Slovenia has been given the green light by the European Commission to distribute seven million euros ($7.7 million) to airlines in the form of incentive grants that are aimed at stimulating the recovery of air traffic. The country’s aviation sector remains one of Europe’s worst affected by the pandemic.
Aviation in Slovenia is doing very poorly
Aviation in Slovenia experienced a double whammy in the last three years. First, its flag carrier, Adria Airways, went bankrupt in late 2019. Despite this bankruptcy becoming an inevitable outcome about three months before it actually happened, Slovenia’s Government did not put into place any mechanism to safeguard the country’s aviation sector.
Then, the pandemic hit just several months later. As a result, foreign airlines did not replace almost any capacity previously offered by Adria Airways. Ljubljana Airport’s traffic remains a mere fraction of its pre-2020 levels.
Since Adria Airways’ bankruptcy, the Slovenian Government has toyed with the idea of setting up a new national airline continuously. However, the Government remains uncommitted to the idea because there is no strong political appetite in Slovenia to set up Adria Airways number 2.
The demise of Adria Airways has left Slovenian air connectivity in dire straits. Photo: Getty Images
Another tender to the rescue
To resolve this problem, the Government of Slovenia has proposed yet another tender for existing and potential airlines to apply for.

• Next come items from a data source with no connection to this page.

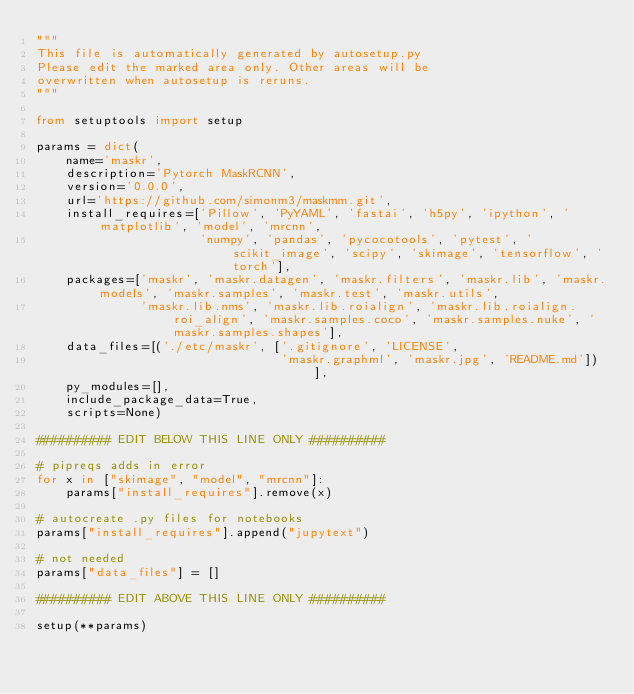Convert code to text. <code><loc_0><loc_0><loc_500><loc_500><_Python_>"""
This file is automatically generated by autosetup.py
Please edit the marked area only. Other areas will be
overwritten when autosetup is reruns.
"""

from setuptools import setup

params = dict(
    name='maskr',
    description='Pytorch MaskRCNN',
    version='0.0.0',
    url='https://github.com/simonm3/maskmm.git',
    install_requires=['Pillow', 'PyYAML', 'fastai', 'h5py', 'ipython', 'matplotlib', 'model', 'mrcnn',
                      'numpy', 'pandas', 'pycocotools', 'pytest', 'scikit_image', 'scipy', 'skimage', 'tensorflow', 'torch'],
    packages=['maskr', 'maskr.datagen', 'maskr.filters', 'maskr.lib', 'maskr.models', 'maskr.samples', 'maskr.test', 'maskr.utils',
              'maskr.lib.nms', 'maskr.lib.roialign', 'maskr.lib.roialign.roi_align', 'maskr.samples.coco', 'maskr.samples.nuke', 'maskr.samples.shapes'],
    data_files=[('./etc/maskr', ['.gitignore', 'LICENSE',
                                 'maskr.graphml', 'maskr.jpg', 'README.md'])],
    py_modules=[],
    include_package_data=True,
    scripts=None)

########## EDIT BELOW THIS LINE ONLY ##########

# pipreqs adds in error
for x in ["skimage", "model", "mrcnn"]:
    params["install_requires"].remove(x)

# autocreate .py files for notebooks
params["install_requires"].append("jupytext")

# not needed
params["data_files"] = []

########## EDIT ABOVE THIS LINE ONLY ##########

setup(**params)
</code> 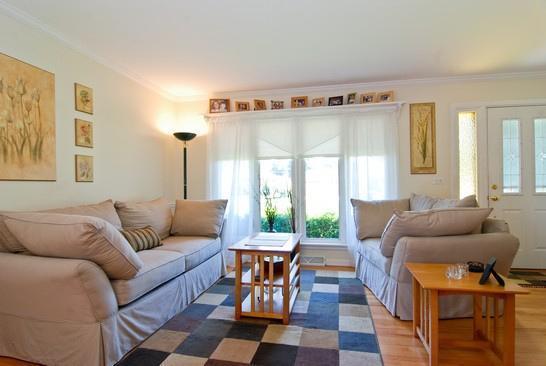How many picture frames are above the window?
Give a very brief answer. 10. How many couches can you see?
Give a very brief answer. 2. 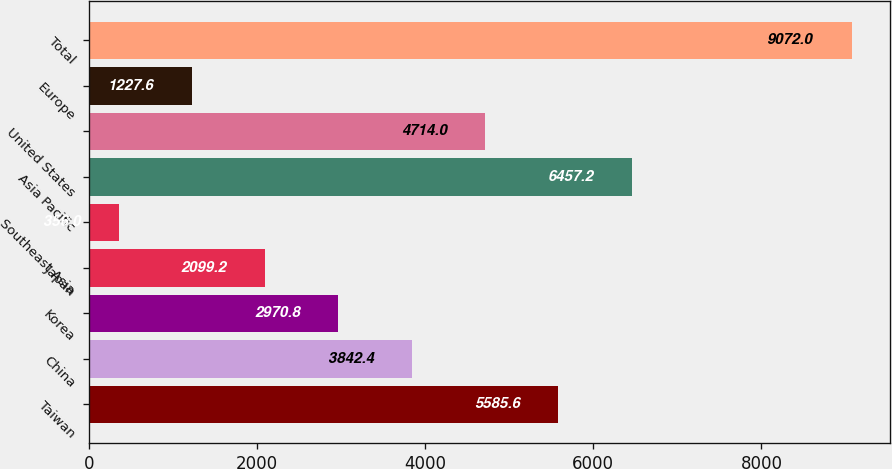Convert chart to OTSL. <chart><loc_0><loc_0><loc_500><loc_500><bar_chart><fcel>Taiwan<fcel>China<fcel>Korea<fcel>Japan<fcel>Southeast Asia<fcel>Asia Pacific<fcel>United States<fcel>Europe<fcel>Total<nl><fcel>5585.6<fcel>3842.4<fcel>2970.8<fcel>2099.2<fcel>356<fcel>6457.2<fcel>4714<fcel>1227.6<fcel>9072<nl></chart>

However, only seven million euros ($7.7 million) are up for grabs, so it remains unclear what the Government is trying to achieve. This is the total budget for all airlines.
The explicit purpose of the tender is to ensure that the existing basic network of links between Slovenia and European hubs is maintained and that more destinations in Europe and the rest of the world are added. The Slovenian Government will distribute the money to the airlines that apply following a specific method. This will likely see the money divided up between at least six airlines, and the maximum amount that any single airline can get is 2.5 million euros ($2.7 million).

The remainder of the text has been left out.